I gathered that there has been some reorganization but the museum exists in a form that Mercer would recognize. It’s a very evocative and unique space. If I were doing serious research on anything involving technology between 1700-1850 (including domestic technology) I’d find Mercer’s collections very useful.

The Mercer Museum has a modern annex, which had an exhibit on how volunteer fire companies in Philadelphia were taken over by the state. The story is that these companies flourished in Philadelphia until around 1850. They were local and served as both social club and fire-protection service. And, like far too many clubs in Philadelphia at the time (as the Bible Riots of 1844 show) some of these fire companies engaged in anti-Catholic bigotry.

There was a pretty fierce argument in Philadelphia in the 1850s and 1860s about whether homes were better protected by volunteers or the state. The pro-government side won primarily by arguing that only the city could afford large, modern equipment (powered by steam engines). The volunteer companies were nationalized in the early 1860s but survived as social clubs until 1919, when they closed up shop and donated their archives to the Mercer Museum.

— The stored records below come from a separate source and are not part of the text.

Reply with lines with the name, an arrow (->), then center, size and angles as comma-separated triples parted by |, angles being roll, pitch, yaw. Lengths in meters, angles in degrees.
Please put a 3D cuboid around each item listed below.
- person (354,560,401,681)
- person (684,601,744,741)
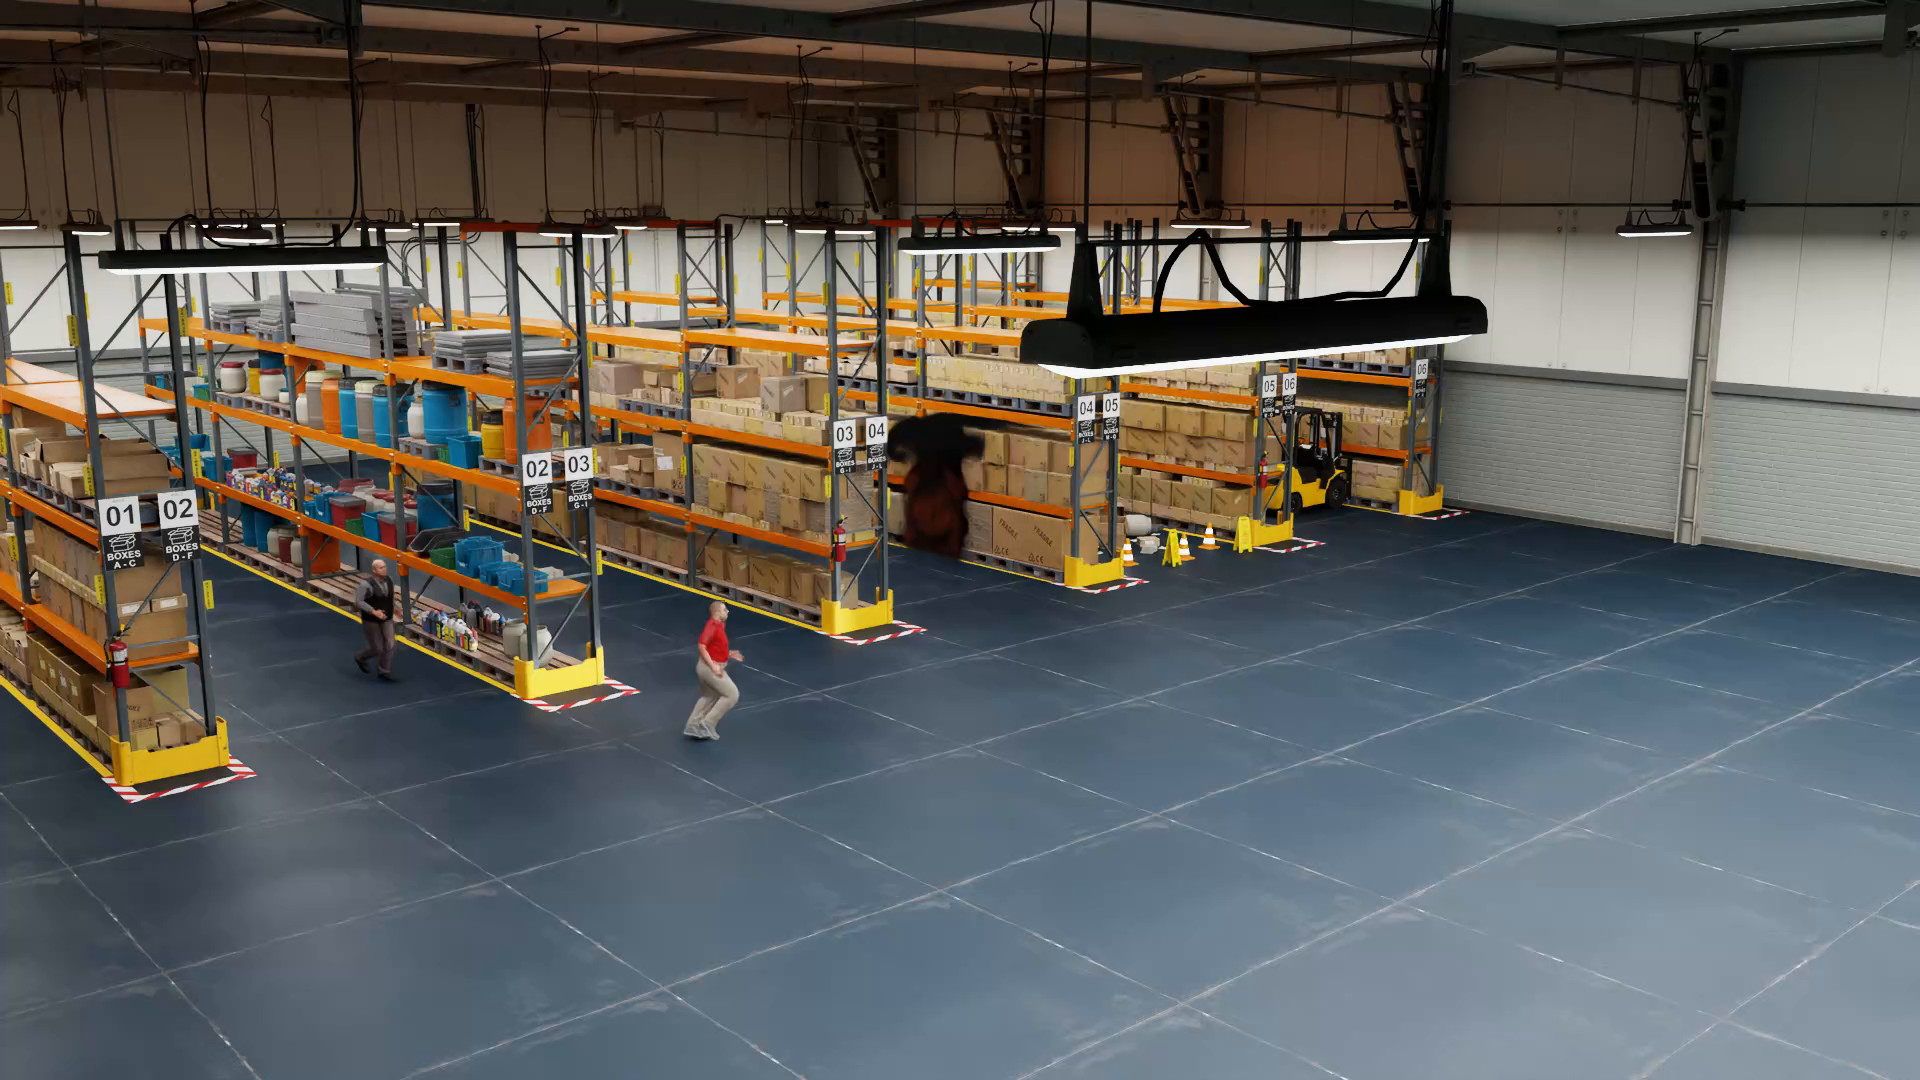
person -> -7.892, 1.066, 22.430 | 0.756, 1.673, 0.654 | 8, 14, 35
person -> -2.942, 1.570, 19.878 | 0.754, 1.703, 0.614 | -2, 12, -12
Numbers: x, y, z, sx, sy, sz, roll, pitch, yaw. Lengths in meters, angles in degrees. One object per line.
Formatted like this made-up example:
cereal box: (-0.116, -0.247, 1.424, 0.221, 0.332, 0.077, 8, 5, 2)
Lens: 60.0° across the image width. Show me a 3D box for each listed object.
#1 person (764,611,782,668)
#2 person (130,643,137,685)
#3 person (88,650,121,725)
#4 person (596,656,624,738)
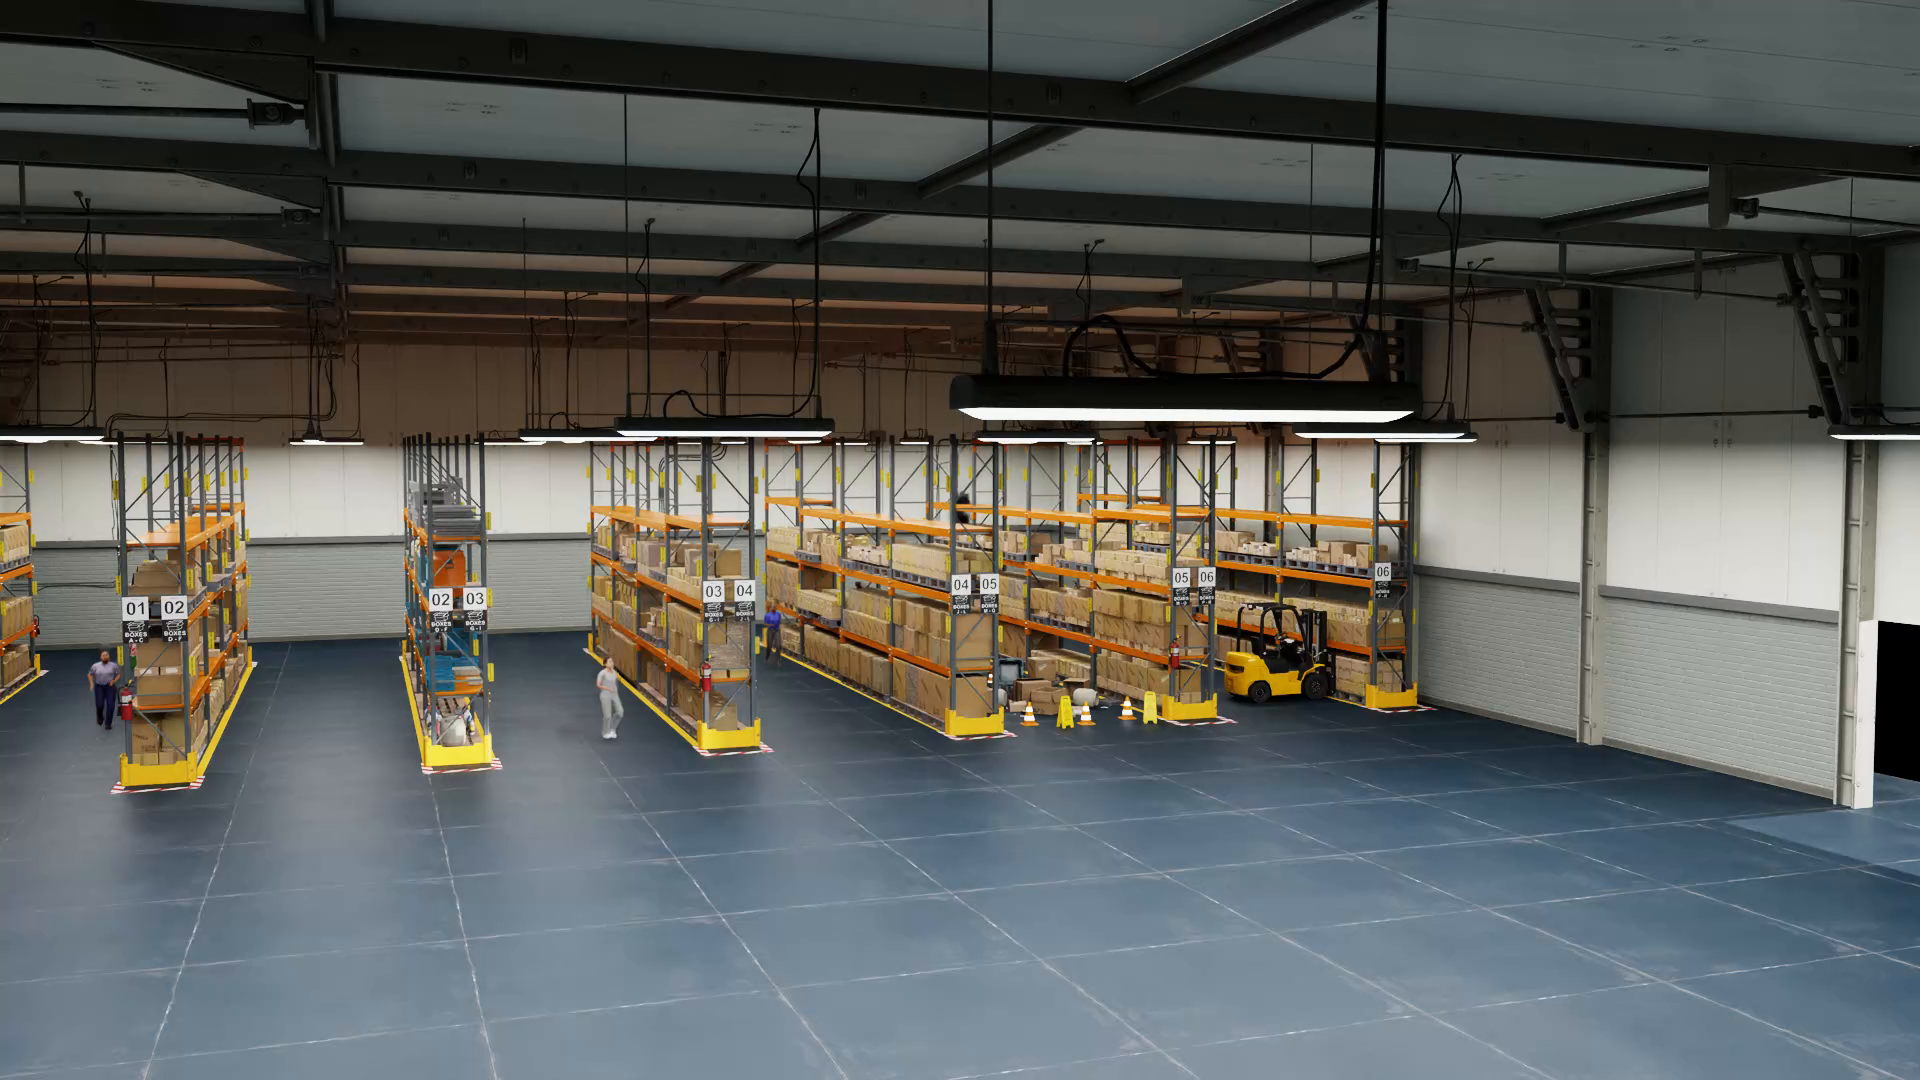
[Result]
person: (-4.923, 2.602, 43.639, 0.507, 1.480, 0.800, -1, 3, -22)
person: (-19.042, 2.619, 38.547, 0.651, 1.465, 0.476, -1, 3, -19)
person: (-17.362, 3.016, 33.774, 0.604, 1.535, 0.520, -2, 4, -29)
person: (-6.850, 3.088, 32.561, 0.569, 1.632, 0.599, -3, 4, -44)
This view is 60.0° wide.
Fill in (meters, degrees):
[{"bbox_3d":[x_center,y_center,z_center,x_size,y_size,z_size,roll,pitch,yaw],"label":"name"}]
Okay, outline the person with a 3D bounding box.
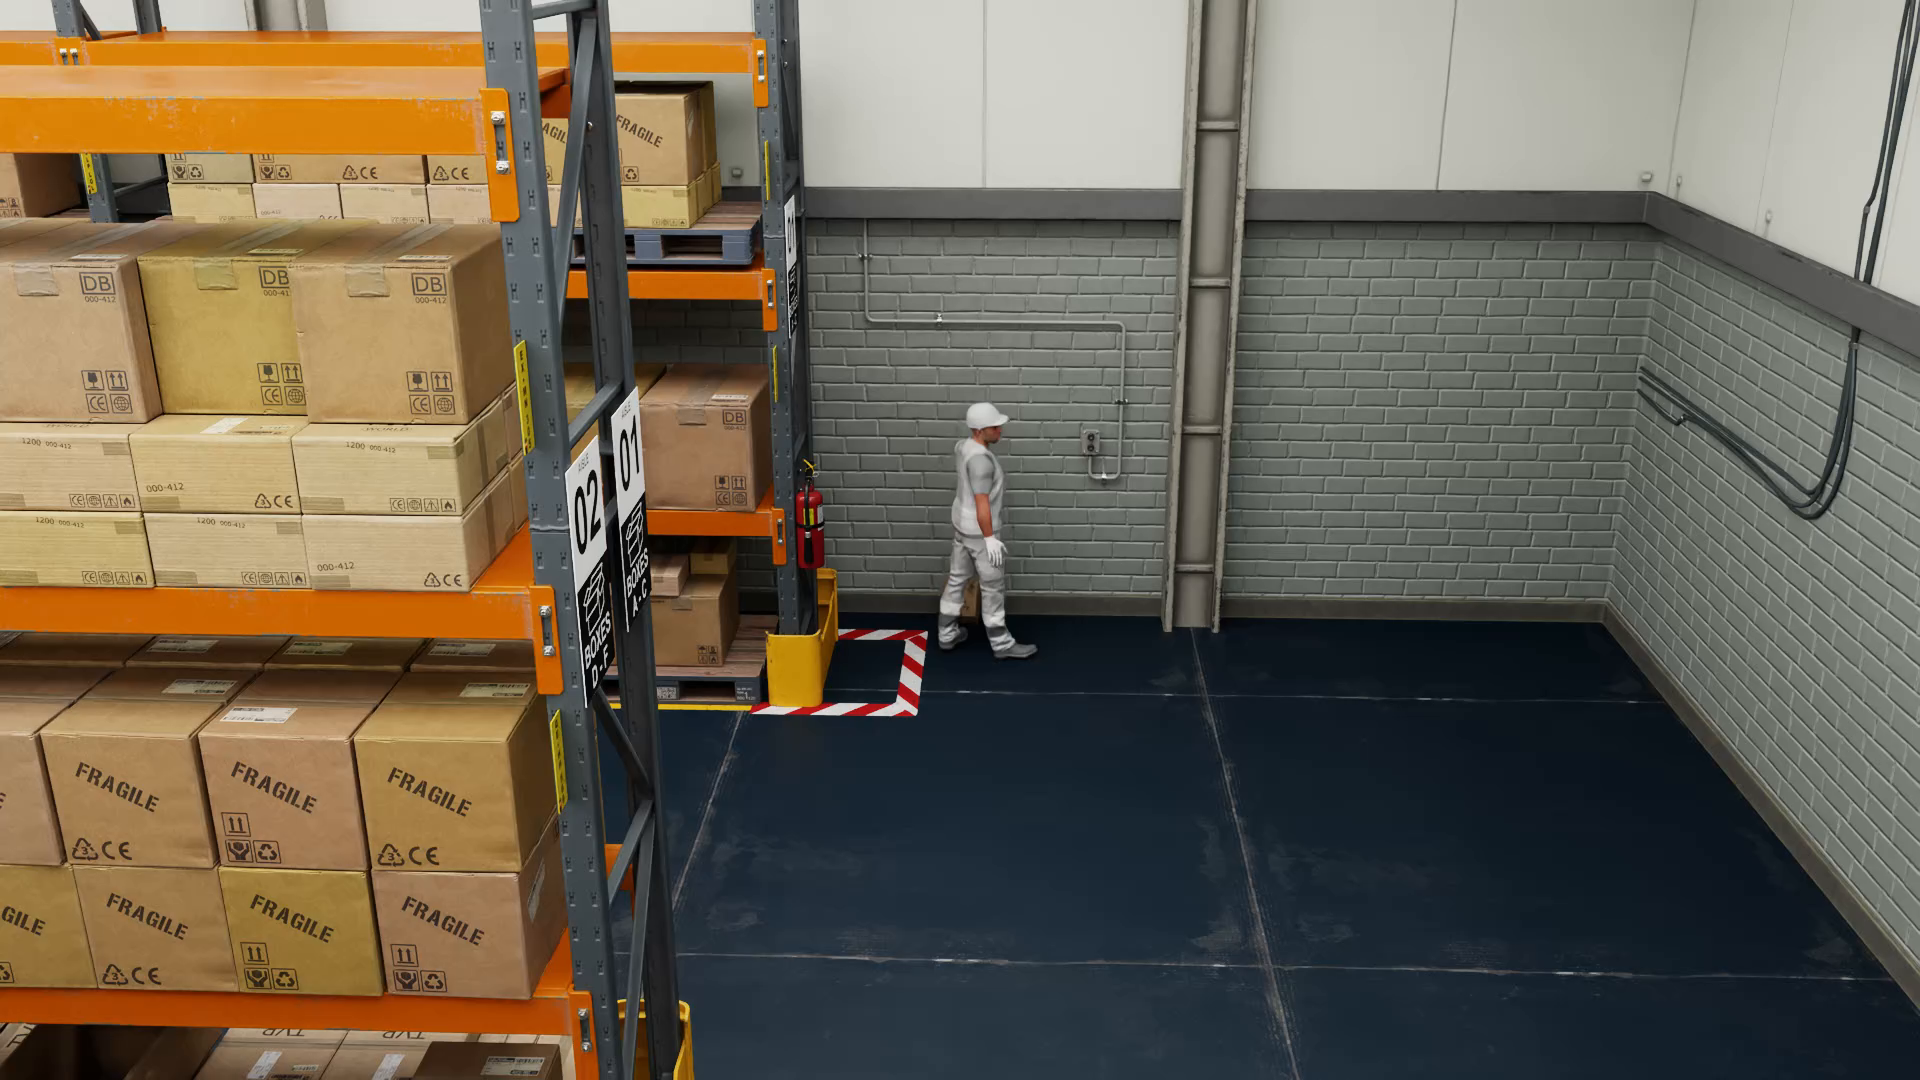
[{"bbox_3d":[0.189,-0.059,11.173,0.628,1.789,0.666,-6,21,-15],"label":"person"}]
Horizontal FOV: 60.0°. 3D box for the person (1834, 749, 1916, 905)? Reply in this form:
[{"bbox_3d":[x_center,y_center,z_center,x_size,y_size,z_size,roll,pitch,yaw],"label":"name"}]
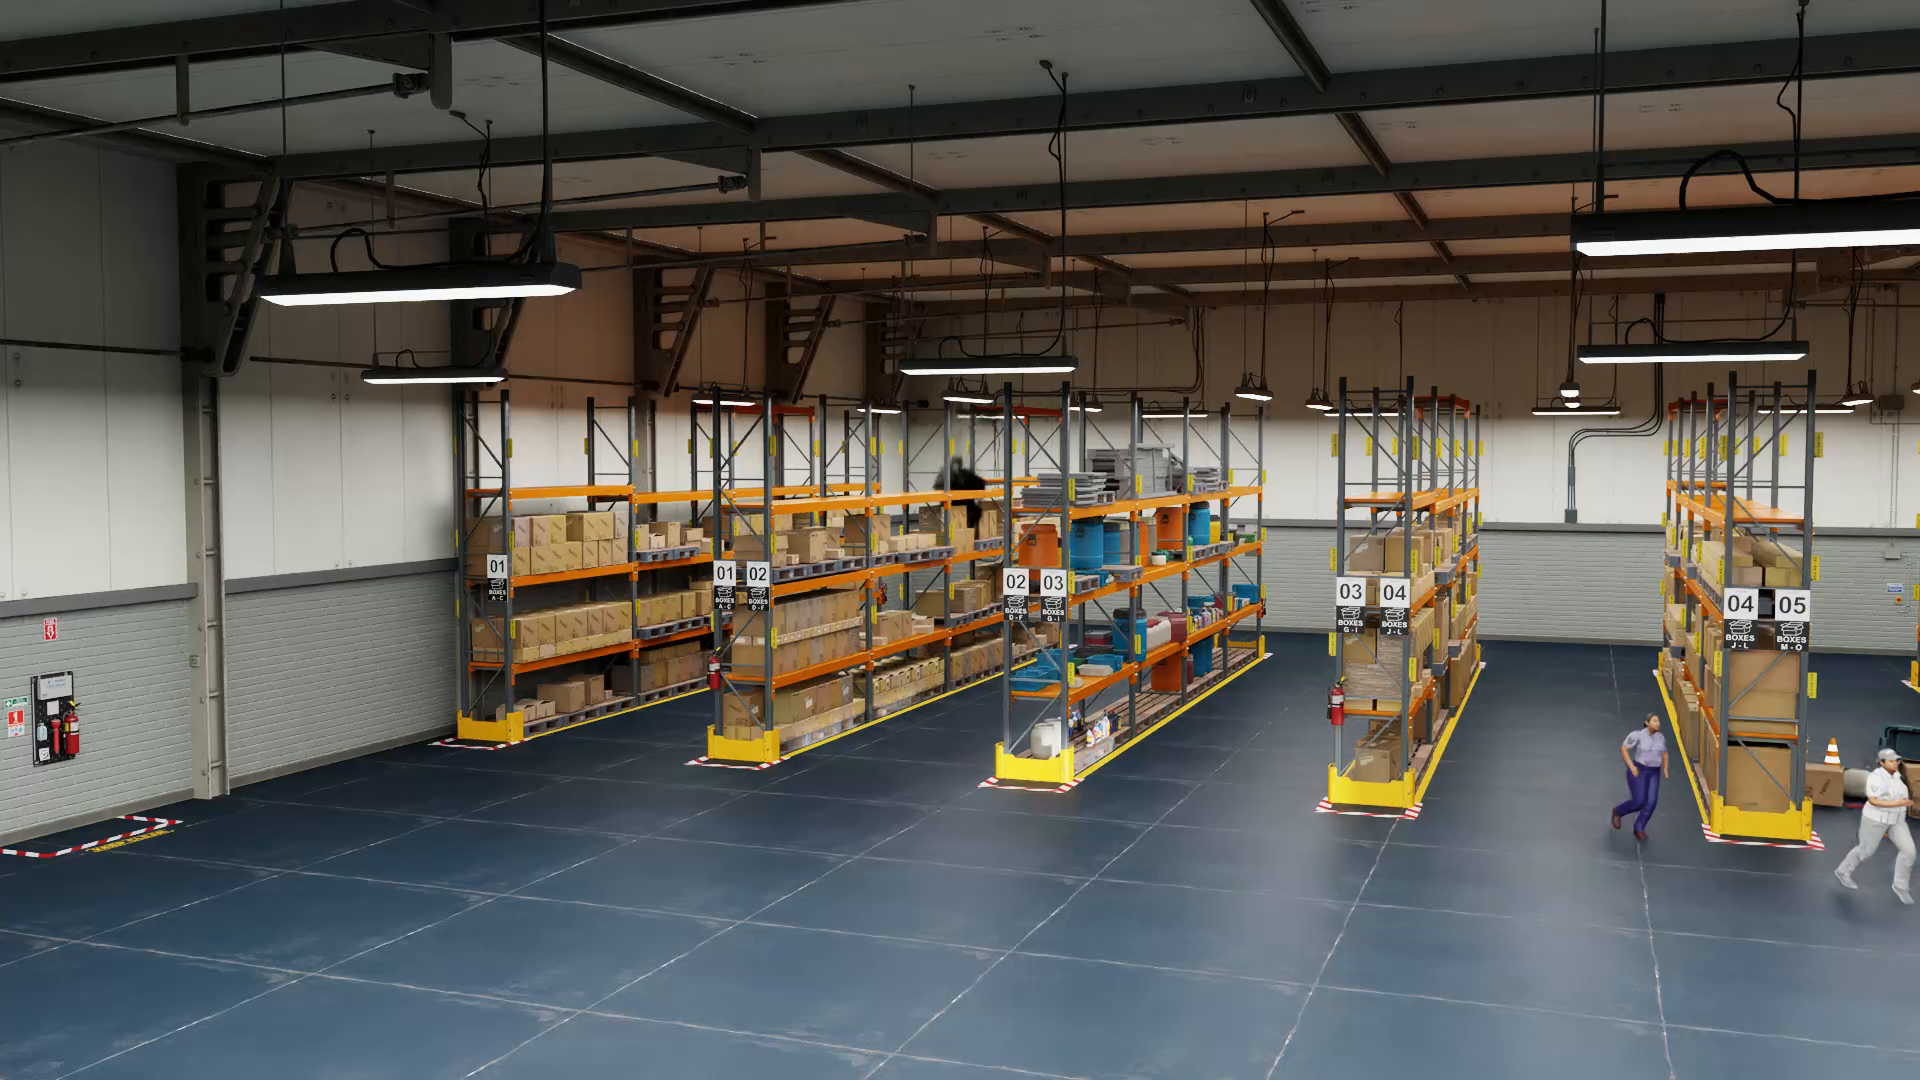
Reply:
[{"bbox_3d":[10.262,3.158,18.533,0.612,1.715,0.880,-1,3,-20],"label":"person"}]

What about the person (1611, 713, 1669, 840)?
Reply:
[{"bbox_3d":[8.850,3.028,21.512,0.669,1.601,0.555,-1,3,-14],"label":"person"}]

Henry Mercer was also interested in art. He was a supporter of the Arts and Crafts Movement, which tried to adopt medieval and Renaissance themes for modern times. Mercer’s idea was to create tiles, and built the Moravian Pottery and Tile Works to make them. He originally made tiles based on Pennsylvania Dutch stove patterns, but later adapted all sorts of medieval patterns.

The Tile Works was created as a for-profit social enterprise, which closed around 1970. In about 1985 the Bucks County, Pennsylvania Parks Department decided to restart it as a nonprofit. They have four tile makers, and the one on duty when I visited said that tiles are made from clay that comes from a lake about 10 miles away. Most of the molds are ones Mercer used, although they make one special tile a year from their own designs.

Mercer’s final achievement was his home, Fonthill Castle, which I gather has many more examples of his collections. I didn’t have time to see it but I do plan to visit Doylestown again and look forward to seeing what the castle is like.

Henry Chapman Mercer’s legacy is important. He created an interesting museum that adds to our knowledge of the past. He created art with his tiles that still gives us pleasure. That’s a pretty good record.

I have no idea how much money Mercer used to create his museum and his tile works but he spent his wealth intelligently on projects that provide a great deal of pleasure today. He deserves our respect.